Meeting the Housing Needs of Burnaby Residents
Residents of Burnaby and across the region are currently experiencing a housing crisis. Housing costs have risen in recent years, existing affordable homes are being lost, supply is not meeting local demand and many residents are being left behind.
Your Voice. Your Home. Meeting the Housing Needs of Burnaby Residents was an innovative partnership between the City of Burnaby and SFU’s Morris J. Wosk Centre for Dialogue, designed to engage the community and inform the work of the Mayor’s Task Force on Community Housing.
The project was highly integrated with the Mayor’s Task Force on Community Housing and demonstrated new ways to co-create solutions with residents, stakeholders and technical experts. Over six months, the process generated recommendations and engaged with more than 2,600 residents, making it the largest public engagement process ever undertaken by the City of Burnaby. Your Voice. Your Home. Meeting the Housing Needs of Burnaby Residents provided a set of unique in-person and online engagement opportunities for community members to gather and share ideas, present recommendations and engage with one another to find workable solutions. The project consisted of three phases resulting in three publicly available reports.
The project was recognized by Burnaby Now! as the 2019 “Newsmaker of the Year” and the International Association of Public Participation as Runner Up for its 2020 Core Values Award in the category of “Creativity, Contribution and Innovation in the Field.”
Phase 1: Generating Ideas
Everyone brings a particular perspective to the community housing discussion.
Phase One of Your Voice. Your Home. was focused on hearing from Burnaby residents. It provided a series of engagement opportunities for the community to share their voices, ideas, experiences, as well as possible solutions. The objective was to collect as many ideas as possible from as many residents as possible, with an emphasis on diversity. It was important to ensure that Phase One included a wide-range of voices and opinions, capturing all of the different housing experiences in Burnaby.
Phase One was comprised of three main activities: the Community Housing Survey, the Community Ideas Workshop and targeted community outreach through a team of Community Student Ambassadors.
To conclude Phase One: Generating Ideas, the Centre for Dialogue published the What We Heard Report, summarizing the ideas collected from Burnaby residents and stakeholders. This report was presented to Burnaby City Council and the Mayor’s Task Force on Community Housing to inform the Task Force’s Interim Report which identified 10 Quick Start actions to address housing affordability.
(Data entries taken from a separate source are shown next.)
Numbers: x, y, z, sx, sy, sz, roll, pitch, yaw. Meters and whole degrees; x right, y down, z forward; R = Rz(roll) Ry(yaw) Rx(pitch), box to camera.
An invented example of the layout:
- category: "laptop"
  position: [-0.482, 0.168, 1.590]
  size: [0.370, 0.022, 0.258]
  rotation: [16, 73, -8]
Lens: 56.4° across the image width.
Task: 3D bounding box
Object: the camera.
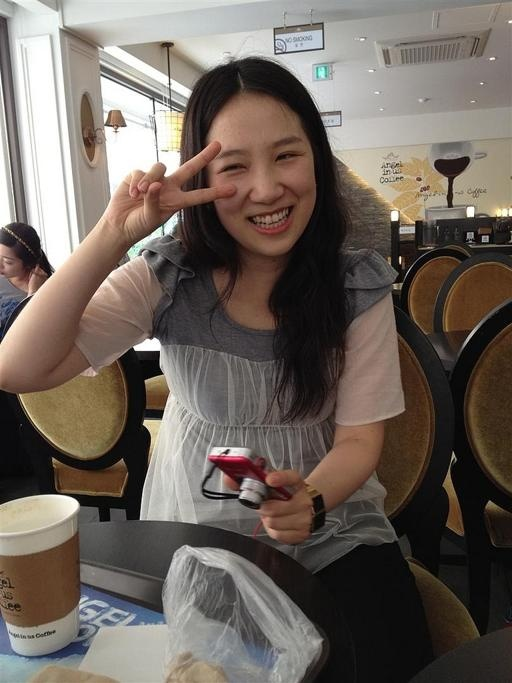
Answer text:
- category: "camera"
  position: [-0.010, 0.141, 0.485]
  size: [0.093, 0.094, 0.034]
  rotation: [7, 58, 15]
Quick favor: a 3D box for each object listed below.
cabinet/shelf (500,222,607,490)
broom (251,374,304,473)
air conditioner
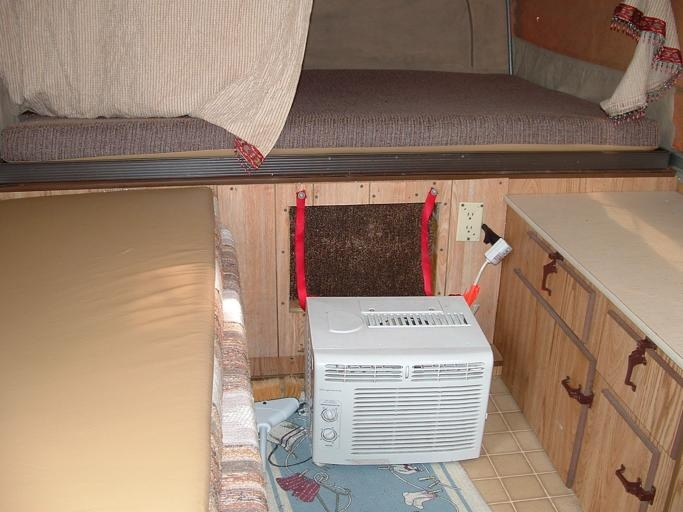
[{"bbox_3d":[0.667,0.317,1.684,0.241,0.675,0.577,0,-58,-2],"label":"cabinet/shelf"},{"bbox_3d":[-0.210,0.537,1.787,0.190,0.170,0.283,3,-69,-16],"label":"broom"},{"bbox_3d":[0.159,0.402,1.843,0.717,0.485,0.458,-1,-64,-2],"label":"air conditioner"}]

Phase 2: Trade-offs and Solutions
Any policy or programming decision involves a carefully consideration of the possible benefits and trade-offs.
Phase Two of Your Voice. Your Home. was about evaluating different possible housing recommendations and their respective trade-offs. The process allowed participants to build upon the ideas generated in Phase One through a series of public engagement opportunities. These activities included: a second online survey to evaluate Quick Starts, a Discussion Guide, and a deliberative dialogue through the form of the Community Recommendations Workshop.
The Interim Report produced by The Mayor’s Task Force on Affordable Housing and its 10 'Quick Starts' was the launch point for discussions during Phase Two. Residents were encouraged to provide their Quick Starts feedback through the second online survey.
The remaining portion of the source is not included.